Retancourt se encogio de hombros.
– No tengo nada en contra de ir a tomarme una cana en Clignancourt. Si eso le divierte…
– Le guardas rencor.
– ?Y que si se lo guardara?
Estalere inclino la cabeza, sombrio. La antinomia, incluso la incompatibilidad de comportamientos que oponian con frecuencia al comisario y su subordinada, lo dividia dolorosamente. La doble veneracion que profesaba a Adamsberg y a Retancourt, brujulas de su existencia, no admitia compromiso. No habria abandonado al uno por el otro. El organismo del joven funcionaba solo a base de energia afectiva, excluyendo todos los demas fluidos como la razon, el calculo, el interes intelectual. En eso, similar a un motor especializado que no tolera mas que un carburante en estado puro, Estalere era un sistema excepcional y fragil. Retancourt lo sabia, pero no tenia ni la delicadeza ni las ganas de adaptarse.
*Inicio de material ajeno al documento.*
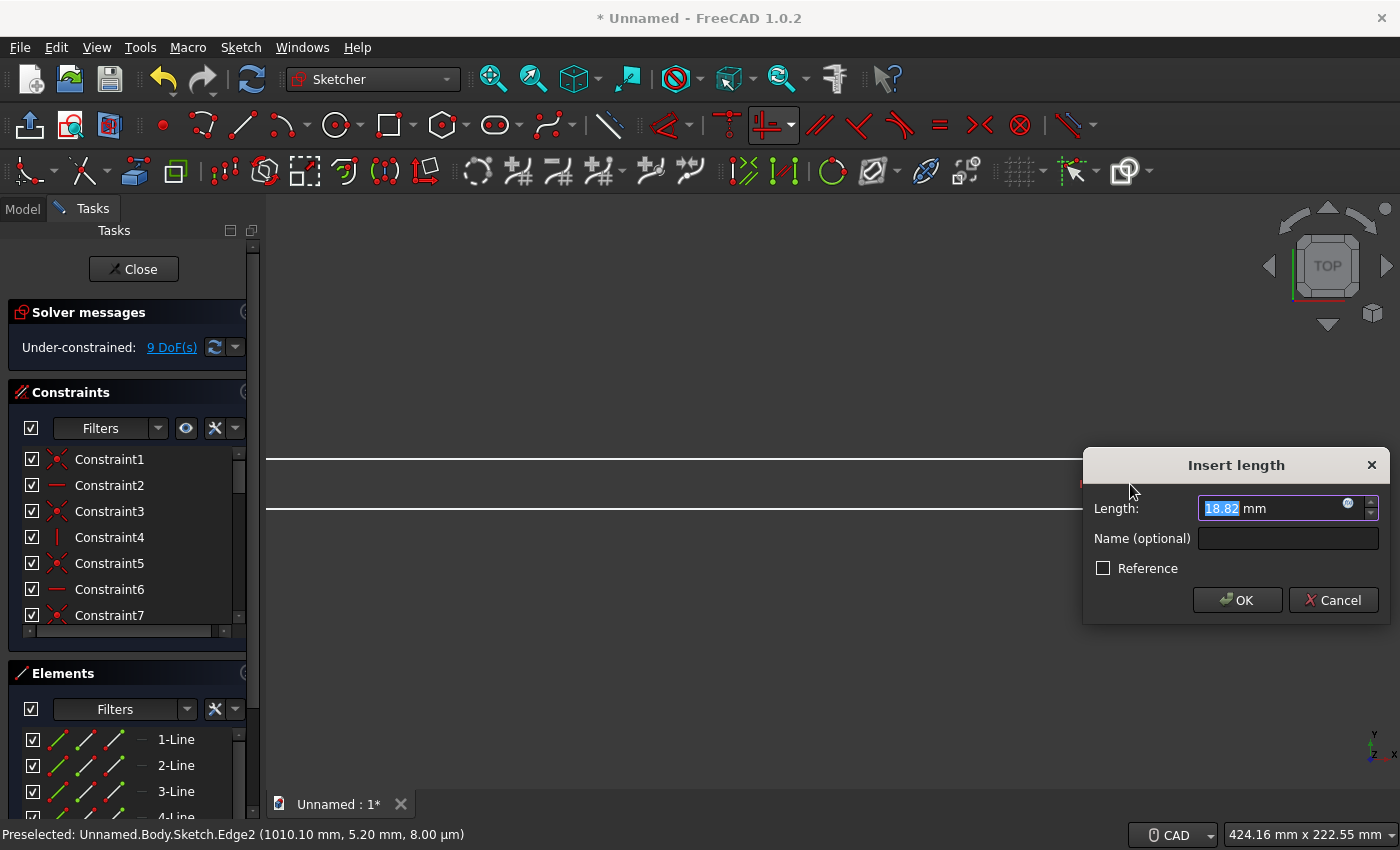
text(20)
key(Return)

– Son sus ideas -insistio el joven.
– Es un expediente para los estupas, Estalere -dijo Retancourt cruzando los brazos.
– El dijo que no.
– No encontraremos esa piedra.
– El dice que si.
Estalere solia hablar del comisario diciendo «El». «El», Jean-Baptiste Adamsberg, el dios vivo de la Brigada.
– Haz lo que te parezca. Buscale la piedra hasta el fin del mundo, pero no me pidas que me arrastre por debajo de las mesas.
Retancourt sorprendio una indignacion inesperada en los ojos del cabo.
– Buscare la piedra -dijo el joven levantandose torpemente-. Y no porque toda la Brigada me tome por un panoli, tu igual que los demas. Sino por el. El mira, el sabe. El busca.
Estalere tomo resuello.
– El busca una piedra -dijo Retancourt.
– Porque hay cosas en las piedras, hay colores, hay dibujos, hay historias. Y tu no las ves, Violette, y no ves nada.